++++ RECORDS ++++
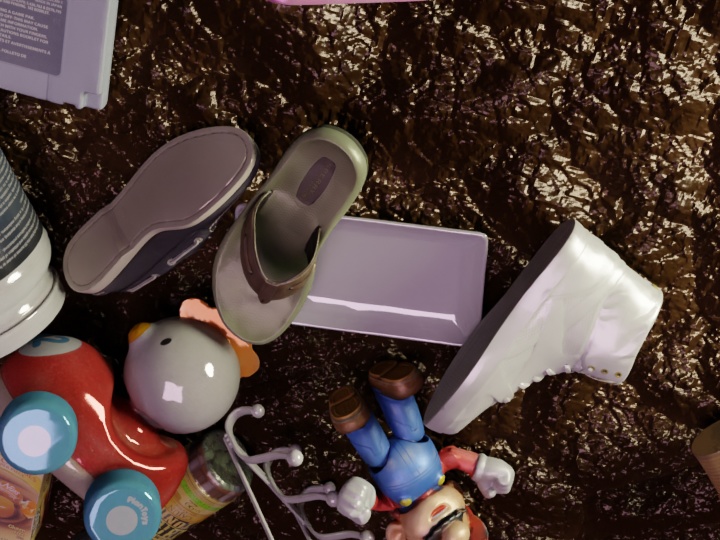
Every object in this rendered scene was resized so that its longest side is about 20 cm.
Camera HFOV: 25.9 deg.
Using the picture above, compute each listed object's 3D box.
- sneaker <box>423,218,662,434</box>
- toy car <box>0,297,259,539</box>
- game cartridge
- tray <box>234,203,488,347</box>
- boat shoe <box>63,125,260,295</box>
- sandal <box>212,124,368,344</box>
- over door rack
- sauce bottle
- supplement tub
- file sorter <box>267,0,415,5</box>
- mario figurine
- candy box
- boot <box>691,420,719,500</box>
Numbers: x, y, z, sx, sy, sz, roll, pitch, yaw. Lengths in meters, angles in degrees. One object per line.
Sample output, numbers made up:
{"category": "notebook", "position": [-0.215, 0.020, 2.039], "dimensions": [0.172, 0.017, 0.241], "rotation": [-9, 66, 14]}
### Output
{"category": "sneaker", "position": [0.145, 0.071, 1.201], "dimensions": [0.115, 0.074, 0.200], "rotation": [35, 109, -11]}
{"category": "toy car", "position": [-0.176, 0.088, 1.270], "dimensions": [0.200, 0.184, 0.177], "rotation": [-43, 107, 3]}
{"category": "game cartridge", "position": [-0.276, -0.203, 1.158], "dimensions": [0.199, 0.042, 0.134], "rotation": [16, 120, 2]}
{"category": "tray", "position": [0.000, 0.000, 1.235], "dimensions": [0.199, 0.022, 0.108], "rotation": [7, 124, 8]}
{"category": "boat shoe", "position": [-0.147, -0.045, 1.230], "dimensions": [0.200, 0.073, 0.063], "rotation": [-35, 152, 24]}
{"category": "sandal", "position": [-0.061, -0.022, 1.186], "dimensions": [0.079, 0.057, 0.202], "rotation": [25, 124, -4]}
{"category": "over door rack", "position": [-0.040, 0.217, 1.261], "dimensions": [0.066, 0.201, 0.148], "rotation": [-27, 134, 10]}
{"category": "sauce bottle", "position": [-0.181, 0.211, 1.387], "dimensions": [0.065, 0.065, 0.200], "rotation": [44, 122, -16]}
{"category": "supplement tub", "position": [-0.327, -0.037, 1.212], "dimensions": [0.140, 0.141, 0.201], "rotation": [-14, 118, 20]}
{"category": "file sorter", "position": [-0.008, -0.276, 0.963], "dimensions": [0.138, 0.126, 0.201], "rotation": [-6, 126, -21]}
{"category": "mario figurine", "position": [0.054, 0.176, 1.285], "dimensions": [0.123, 0.106, 0.201], "rotation": [-17, 118, 19]}
{"category": "candy box", "position": [-0.374, 0.165, 1.405], "dimensions": [0.199, 0.055, 0.116], "rotation": [20, 125, 0]}
{"category": "boot", "position": [0.375, 0.149, 1.227], "dimensions": [0.201, 0.071, 0.144], "rotation": [-29, 118, 31]}
++++
**GOAL OF THE EXERCISE**: Pictures stay out; output the lines from the top of the listing above through the line containing "- boot <box>691,420,719,500</box>", exactly as they stand.

**EXPECTED ANSWER**:
Every object in this rendered scene was resized so that its longest side is about 20 cm.
Camera HFOV: 25.9 deg.
Using the picture above, compute each listed object's 3D box.
- sneaker <box>423,218,662,434</box>
- toy car <box>0,297,259,539</box>
- game cartridge
- tray <box>234,203,488,347</box>
- boat shoe <box>63,125,260,295</box>
- sandal <box>212,124,368,344</box>
- over door rack
- sauce bottle
- supplement tub
- file sorter <box>267,0,415,5</box>
- mario figurine
- candy box
- boot <box>691,420,719,500</box>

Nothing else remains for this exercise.